PROBLEM: The word "pixels" marks the lines to report; pull each of them from the listing.

DATA EXCERPTS:
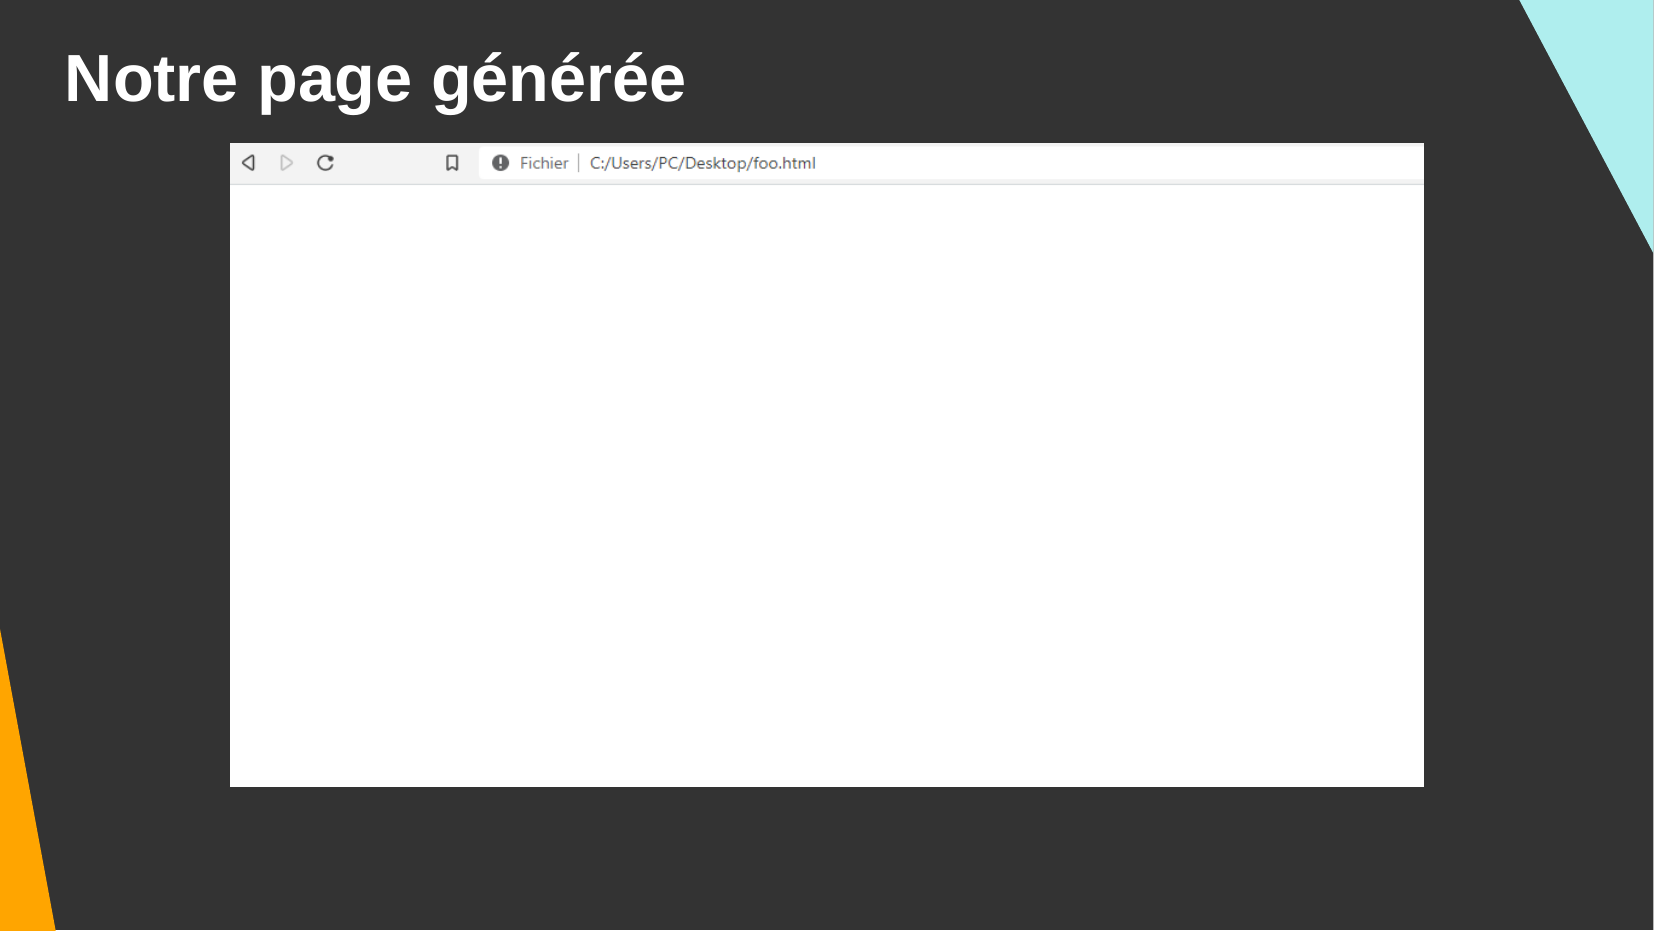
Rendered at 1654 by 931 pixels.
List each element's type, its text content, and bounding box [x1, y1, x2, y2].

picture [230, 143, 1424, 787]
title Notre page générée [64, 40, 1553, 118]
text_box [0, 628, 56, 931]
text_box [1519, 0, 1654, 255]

==

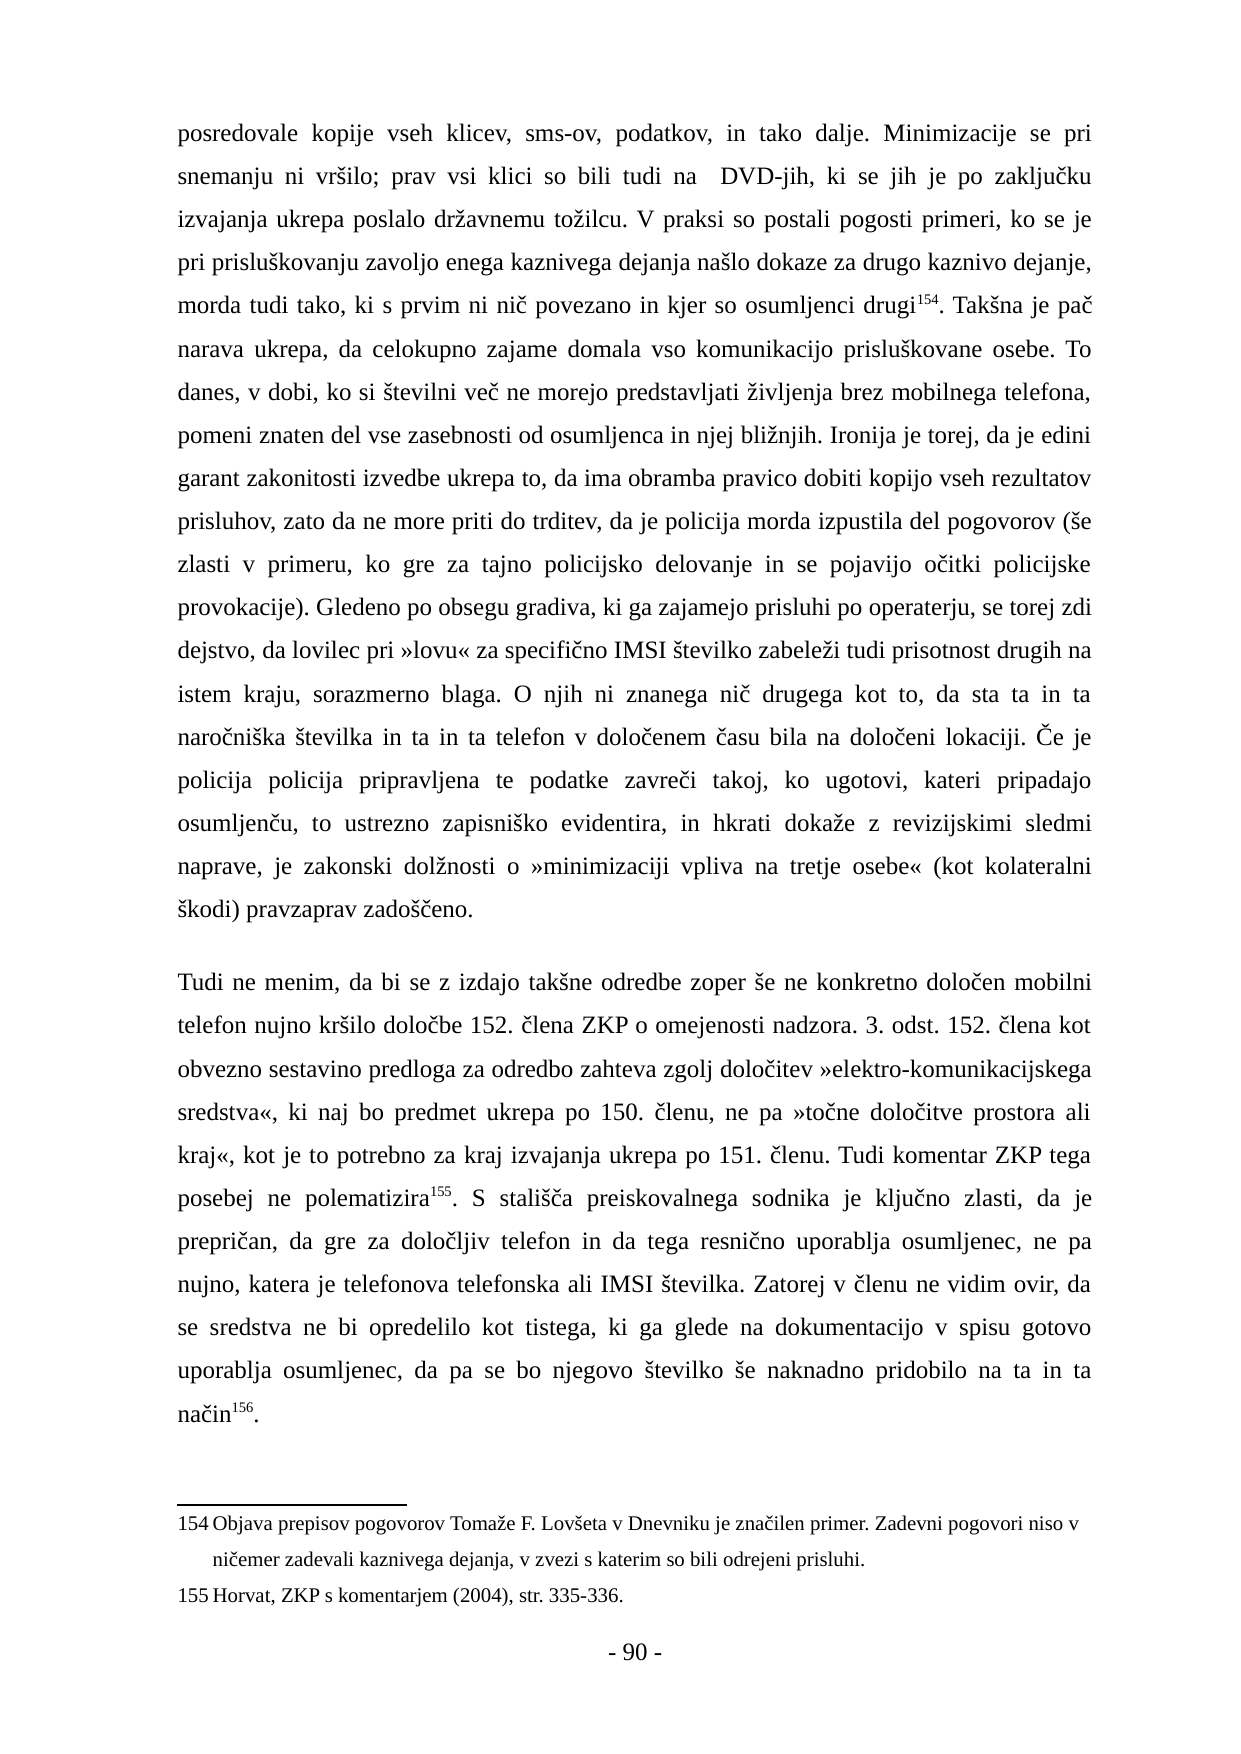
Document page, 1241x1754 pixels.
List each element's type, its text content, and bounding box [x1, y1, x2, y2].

TASK RESPONSE:
Rendered at 1654 by 931 pixels.
Document page, 1241x1754 pixels.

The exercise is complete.